1. Ever since I joined the Modern Language Association in '97 (or was it '96?--it's all a blur), I've been exhorting my graduate student colleagues in my department and on other campuses to join the MLA. I ask: "Are you happy with what passes for 'wages' that you get as an adjunct?" or "How's that healthcare you're not getting?" or "Have they given you an office yet that has your name on the door instead of 'Utility Closet'?" 

2. Most often, the people of whom I ask such questions express indignation over the conditions under which they work, but that indignation is almost invariably drained by resignation: "It's part of being a grad student, you know? And besides, what's the MLA going to do about it? I'll join the MLA when I'm on the market, and once I get my high-paying job at a Research I right after I finish my dissertation, everything will be swell." Right. 

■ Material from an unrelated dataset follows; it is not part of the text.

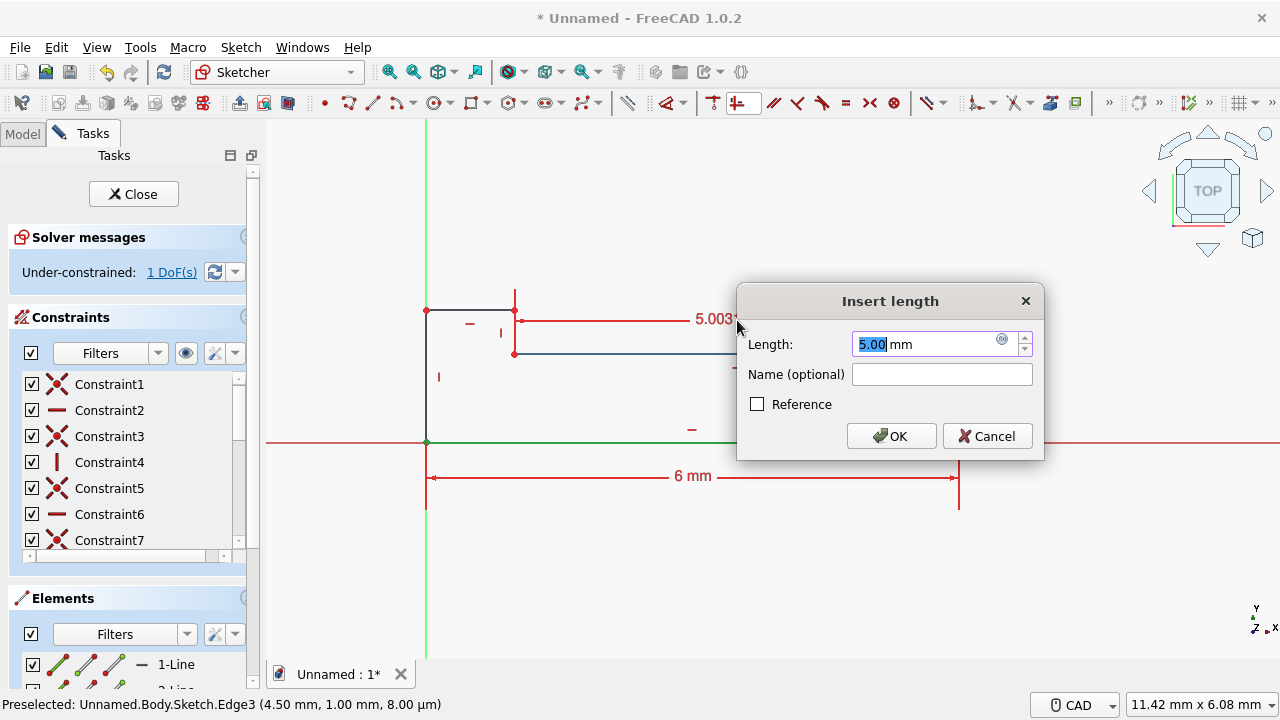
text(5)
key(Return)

3. Until the Winter of 2000, I didn't have a universally compelling answer to give people when they asked, "What can the MLA do about it?" I could point to the Committee on Professional Employment's 1997 Final Report ("fat lotta good that did," they might answer), and I'd mention the legislation passed by the Delegate Assembly in recent years in support of graduate students. But those examples usually resulted in sidelong glances of incredulity. What's different now--after the release of the MLA's and the Coalition on the Academic Workforce's staffing surveys conducted in Fall 1999--is that now, we all have something concrete to point to, something that's important and that can serve as powerful ammunition in the uphill battle to secure fair wages and at least minimal benefits for graduate student and other part-time instructors.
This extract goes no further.